Here's the first of the series on Feminist Interpretations of the Qur'an. Suggestions and feedback will be greatly appreciated! And if you've read this book, you are welcome to offer your own thoughts about the book as well. Rest assured, your opinion will be given the respect and attention it deserves.
Ahmed, Leila. Women and Gender in Islam: Historical Roots of a Modern Debate. New Haven: Yale UP, 1992.
Leila Ahmed has served as a professor of Women’s Studies and Near Eastern Studies at the University of Massachusetts-Amherst. There, she was also the director of the Women’s Studies program from 1991 to 1992. Since 2003, she has been a Victor S. Thomas Professor at the Harvard Divinity School, where she teaches courses in the Women’s Studies and Religion departments.

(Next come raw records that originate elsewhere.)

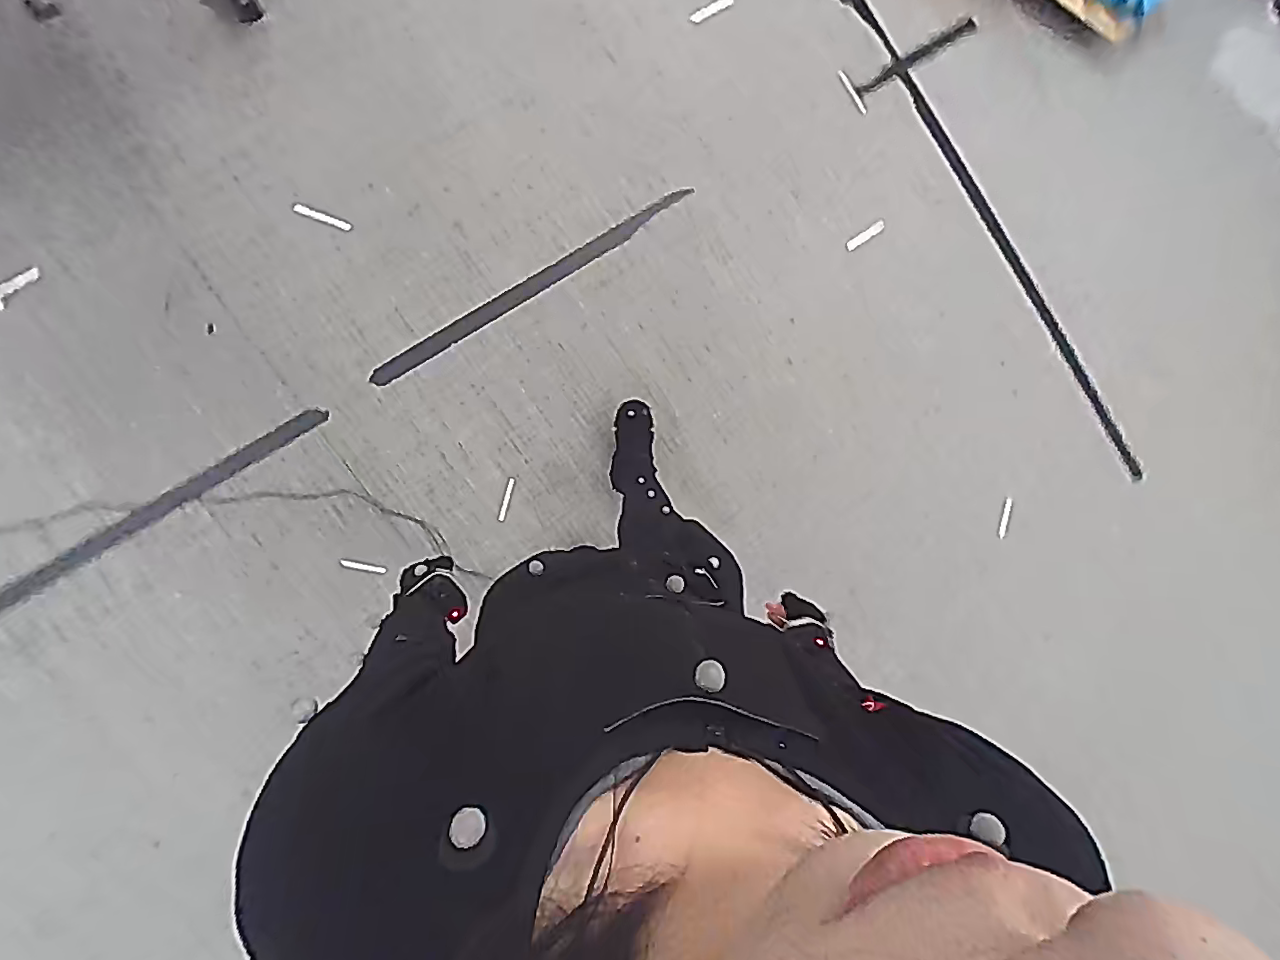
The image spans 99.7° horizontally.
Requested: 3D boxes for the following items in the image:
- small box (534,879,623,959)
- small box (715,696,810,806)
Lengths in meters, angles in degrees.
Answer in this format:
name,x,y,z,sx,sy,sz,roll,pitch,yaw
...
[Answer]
name,x,y,z,sx,sy,sz,roll,pitch,yaw
small box,-0.166,1.184,1.387,0.168,0.176,0.179,31,85,-8
small box,0.325,0.738,1.492,0.179,0.176,0.168,-36,95,-9
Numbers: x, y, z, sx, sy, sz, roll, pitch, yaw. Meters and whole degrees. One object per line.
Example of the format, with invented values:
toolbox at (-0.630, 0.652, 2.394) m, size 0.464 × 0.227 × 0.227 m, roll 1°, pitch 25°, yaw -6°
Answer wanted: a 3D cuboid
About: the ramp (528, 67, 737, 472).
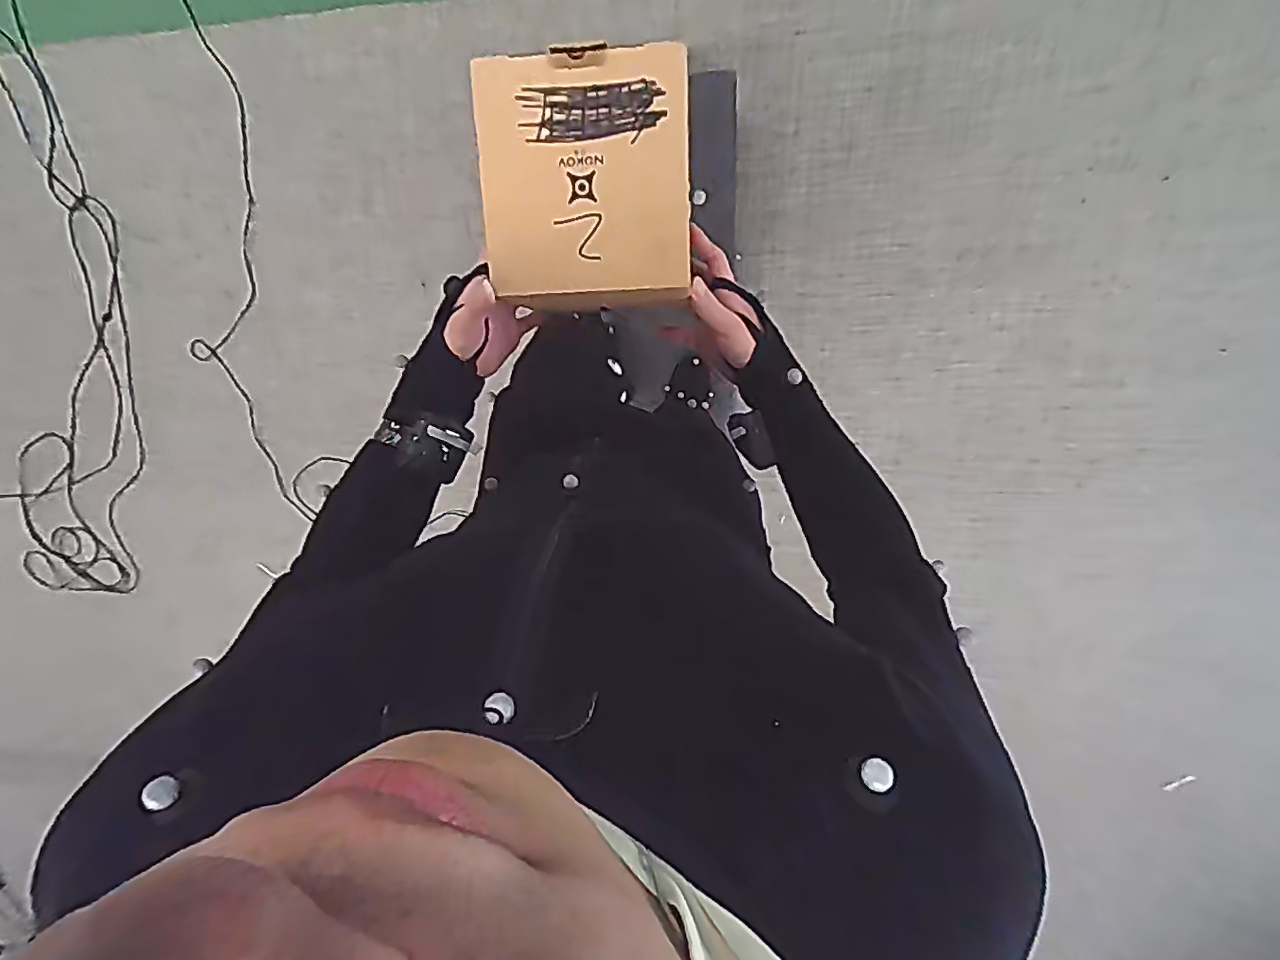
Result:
ramp at (0.012, -0.478, 1.456) m, size 0.509 × 0.206 × 0.991 m, roll -2°, pitch 106°, yaw 7°

Her other publications include A Border Passage, Edward William Lane: A Study of His Life and Work, and of British Ideas of the Middle East in the Nineteenth Century, "Arab Culture and Writing Women's Bodies," and "Between Two Worlds: The Formation of a Turn of the Century Egyptian Feminist."
Women and Gender in Islam is a historical analysis of the subordination of women. Ahmed argues that Muslim women’s subjugation seems to have arisen as a result of urbanization. Exploring the concept of unveiling in Assyrian law (ca. 1200 BCE), she lists the types of women who had to veil through Middle Eastern history as well as those who were exempt from the practice. Ahmed concludes that it was through cultural exchanges that women have been subordinated in Muslim societies. Early Muslim jurists ensured women’s seclusion in society by defining certain Arabic terms, such as aurah, in a way that denied women access to the public sphere; for example, scholars like Ibn al-Hajj (ca. 13th century CE), asserted that a woman’s voice must be kept private because it has the potential to attract males.